INPUT DATA
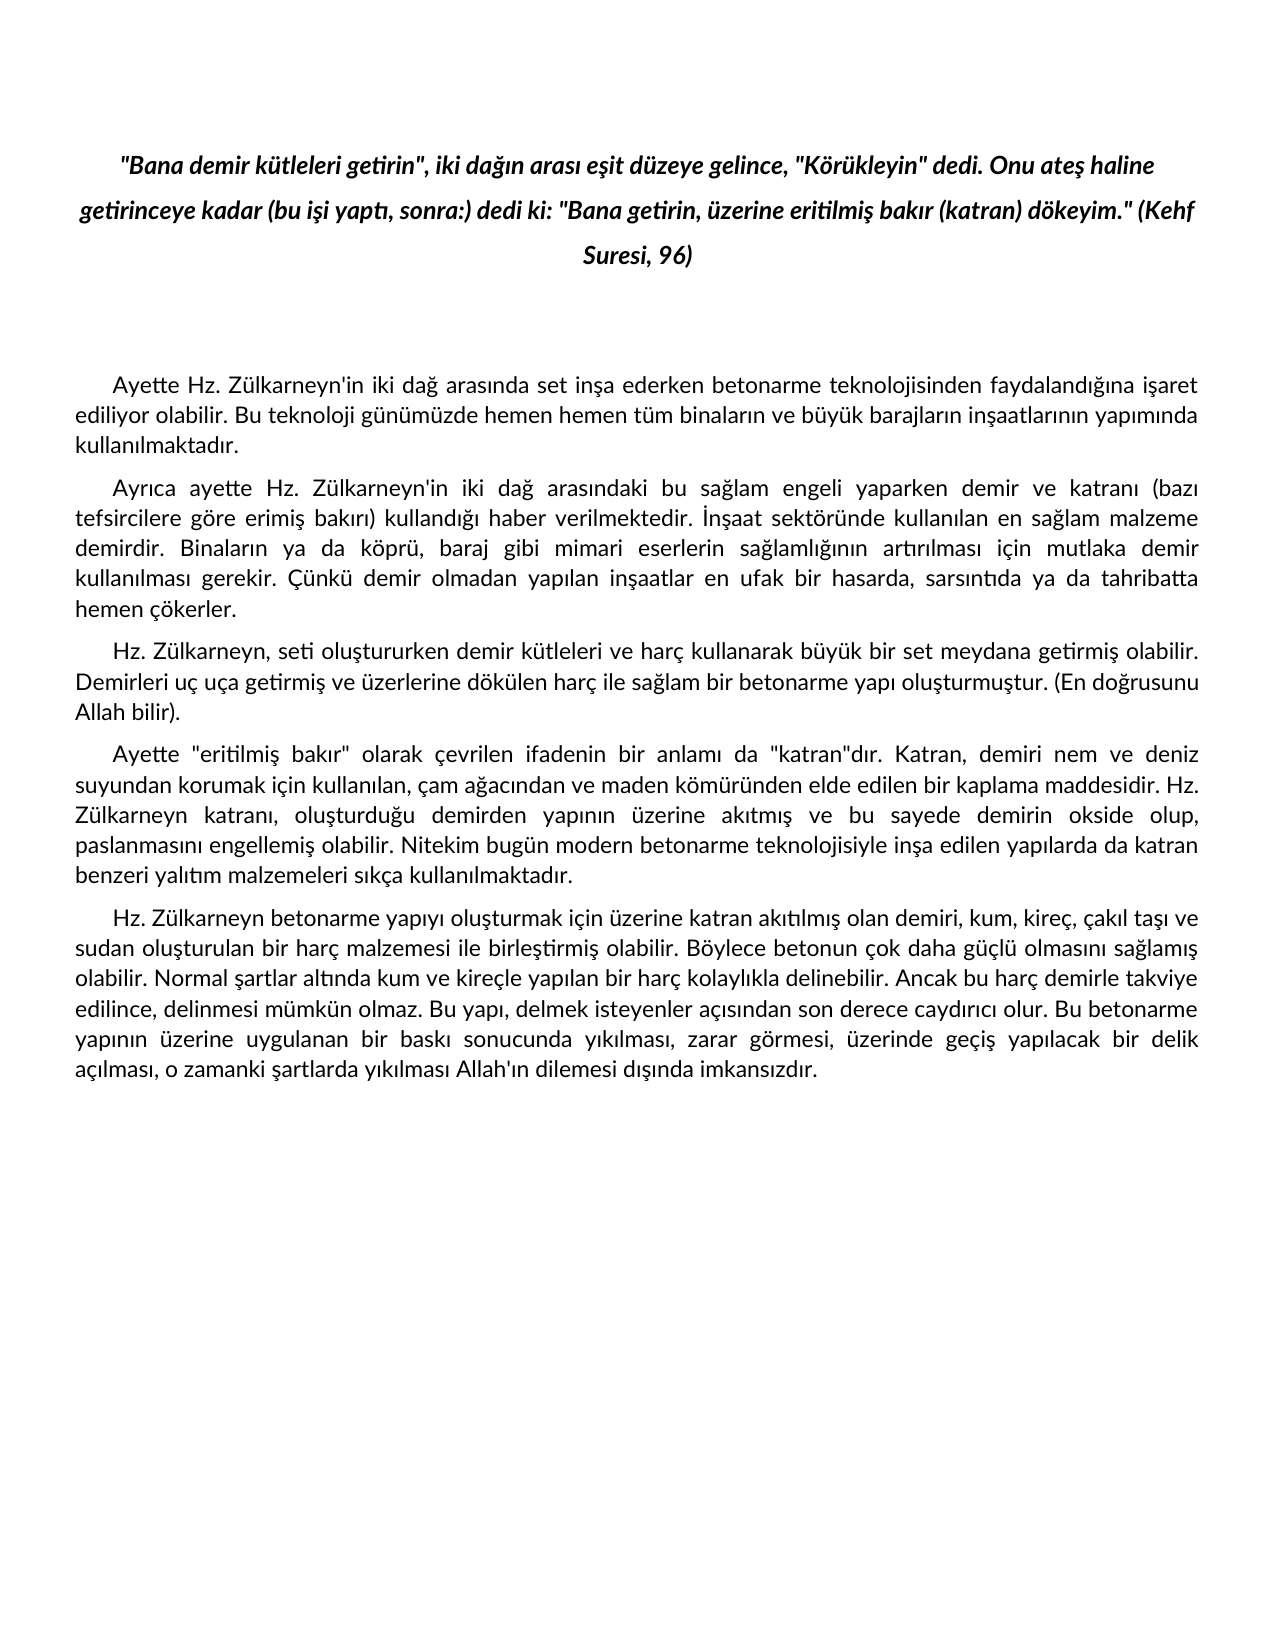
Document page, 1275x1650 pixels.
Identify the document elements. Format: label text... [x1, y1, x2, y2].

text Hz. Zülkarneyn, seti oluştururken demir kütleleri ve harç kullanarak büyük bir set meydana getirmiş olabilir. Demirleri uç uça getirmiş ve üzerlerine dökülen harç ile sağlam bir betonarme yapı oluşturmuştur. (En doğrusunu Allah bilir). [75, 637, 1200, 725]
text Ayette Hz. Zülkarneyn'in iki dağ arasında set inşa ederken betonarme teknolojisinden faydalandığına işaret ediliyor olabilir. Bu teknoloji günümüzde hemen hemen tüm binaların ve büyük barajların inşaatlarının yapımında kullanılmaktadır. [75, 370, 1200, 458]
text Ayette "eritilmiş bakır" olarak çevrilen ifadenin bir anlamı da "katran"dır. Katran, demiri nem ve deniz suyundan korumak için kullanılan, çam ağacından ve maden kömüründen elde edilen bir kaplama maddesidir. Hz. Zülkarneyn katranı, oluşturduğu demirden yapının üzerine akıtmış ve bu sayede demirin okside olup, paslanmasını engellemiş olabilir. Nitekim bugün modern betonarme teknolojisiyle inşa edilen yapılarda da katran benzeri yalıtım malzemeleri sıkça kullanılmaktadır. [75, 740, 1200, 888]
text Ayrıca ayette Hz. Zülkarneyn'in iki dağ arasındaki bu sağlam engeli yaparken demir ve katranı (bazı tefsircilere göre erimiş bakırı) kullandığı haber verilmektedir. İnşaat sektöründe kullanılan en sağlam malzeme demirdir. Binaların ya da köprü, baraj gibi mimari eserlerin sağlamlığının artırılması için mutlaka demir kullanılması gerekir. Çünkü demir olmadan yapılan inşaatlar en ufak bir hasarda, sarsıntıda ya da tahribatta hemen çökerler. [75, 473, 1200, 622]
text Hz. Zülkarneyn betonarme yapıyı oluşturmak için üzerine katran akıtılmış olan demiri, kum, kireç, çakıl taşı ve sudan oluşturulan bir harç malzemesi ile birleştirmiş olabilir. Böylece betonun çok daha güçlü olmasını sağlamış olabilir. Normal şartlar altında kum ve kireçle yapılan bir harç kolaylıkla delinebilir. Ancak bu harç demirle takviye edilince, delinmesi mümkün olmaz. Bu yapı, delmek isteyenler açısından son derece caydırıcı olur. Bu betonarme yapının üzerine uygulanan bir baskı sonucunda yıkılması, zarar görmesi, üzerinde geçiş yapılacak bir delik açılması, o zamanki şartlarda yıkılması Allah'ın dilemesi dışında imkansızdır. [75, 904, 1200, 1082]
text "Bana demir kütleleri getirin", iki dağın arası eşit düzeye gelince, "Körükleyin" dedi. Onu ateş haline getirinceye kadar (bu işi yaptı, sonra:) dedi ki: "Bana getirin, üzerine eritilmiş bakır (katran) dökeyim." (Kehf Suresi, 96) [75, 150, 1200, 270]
...
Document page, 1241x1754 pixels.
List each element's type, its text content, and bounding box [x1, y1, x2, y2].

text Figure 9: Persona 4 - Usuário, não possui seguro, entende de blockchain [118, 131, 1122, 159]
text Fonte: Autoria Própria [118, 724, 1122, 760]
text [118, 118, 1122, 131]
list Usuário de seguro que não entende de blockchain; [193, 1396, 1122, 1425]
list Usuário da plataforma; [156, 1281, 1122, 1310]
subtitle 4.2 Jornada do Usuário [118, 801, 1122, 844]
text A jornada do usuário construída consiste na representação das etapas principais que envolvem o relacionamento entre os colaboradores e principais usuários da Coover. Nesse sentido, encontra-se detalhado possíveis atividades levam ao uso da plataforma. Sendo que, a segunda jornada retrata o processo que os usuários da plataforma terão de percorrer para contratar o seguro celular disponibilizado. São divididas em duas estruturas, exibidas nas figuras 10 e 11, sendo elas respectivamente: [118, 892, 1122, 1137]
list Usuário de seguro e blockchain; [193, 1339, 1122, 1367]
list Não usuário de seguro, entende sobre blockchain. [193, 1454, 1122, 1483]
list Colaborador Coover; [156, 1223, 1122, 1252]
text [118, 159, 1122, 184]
...
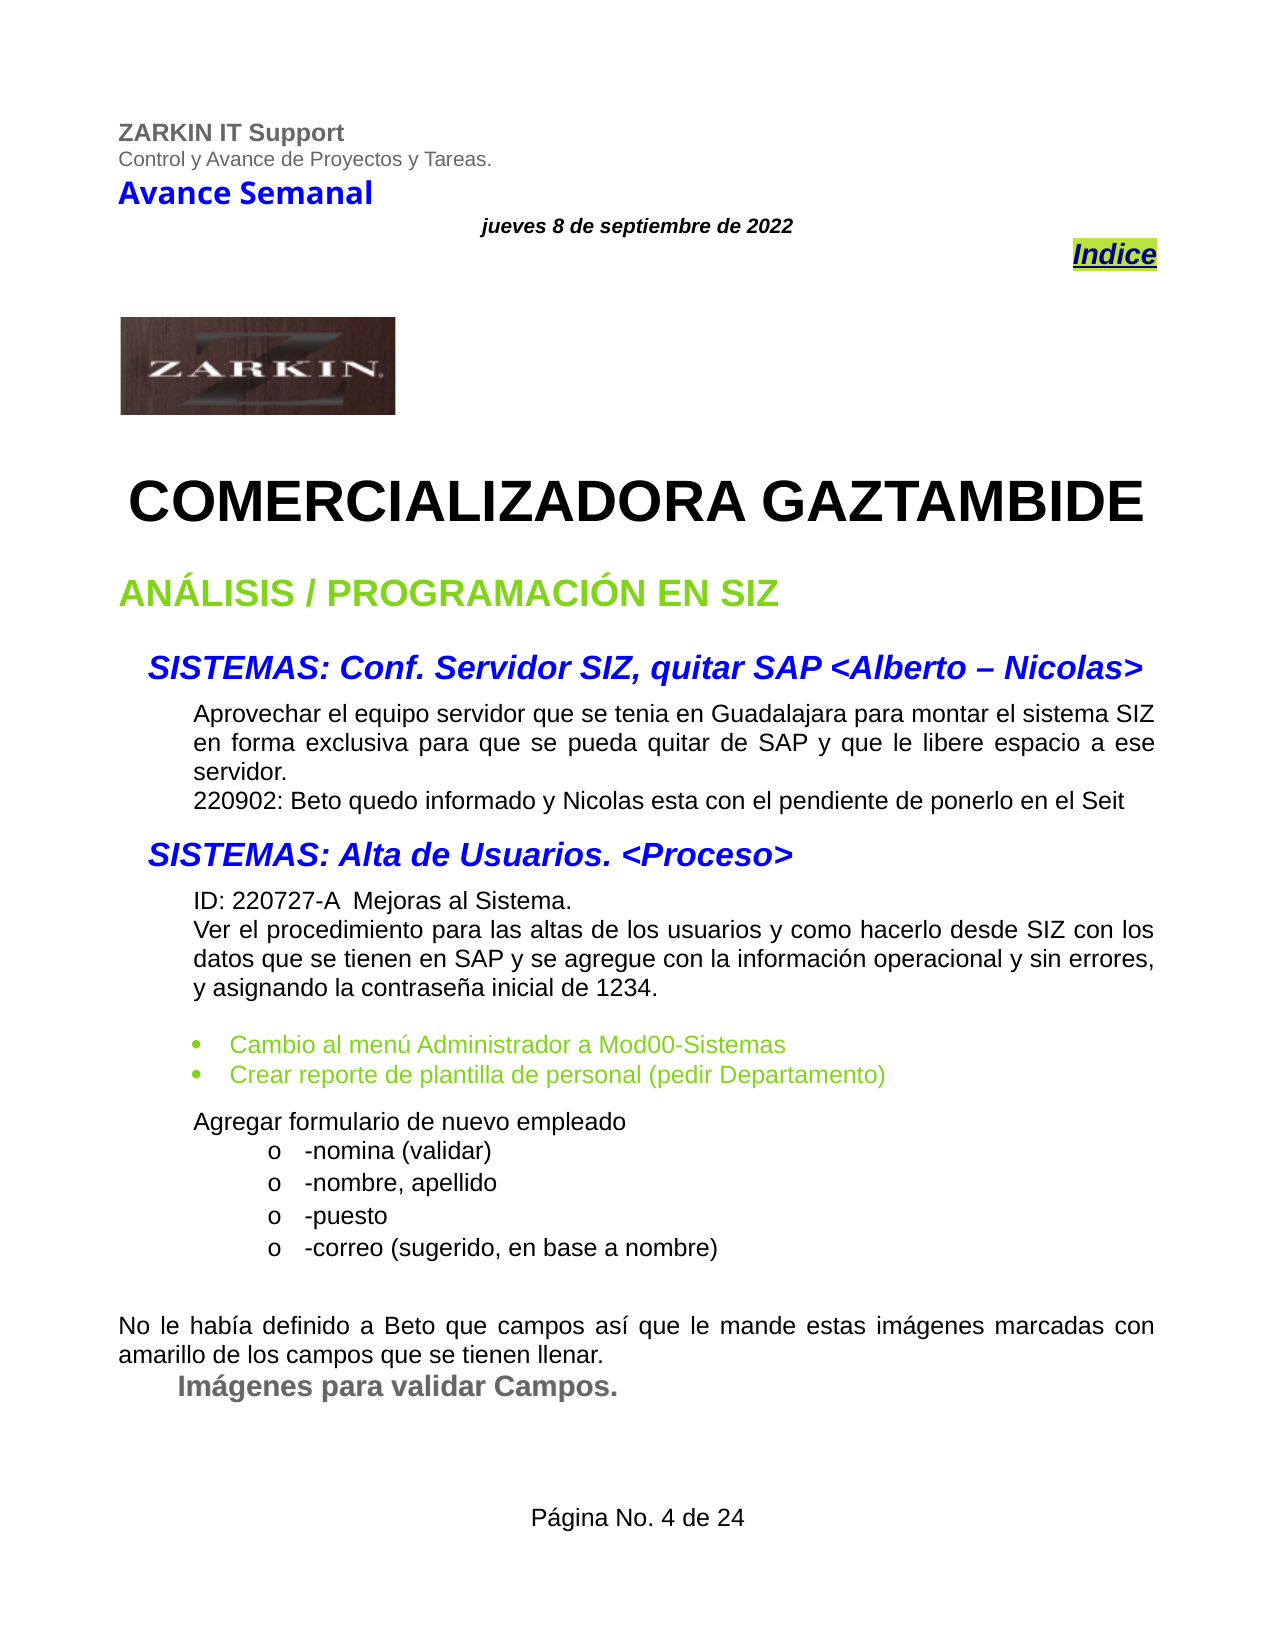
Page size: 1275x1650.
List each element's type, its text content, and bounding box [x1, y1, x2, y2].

REQUIREMENT
Copy the lines above that hold the word "pixels".

SOLUTION FOR THIS EXERCISE
Document page, 1275x1650 pixels.
Document page, 1241x1754 pixels.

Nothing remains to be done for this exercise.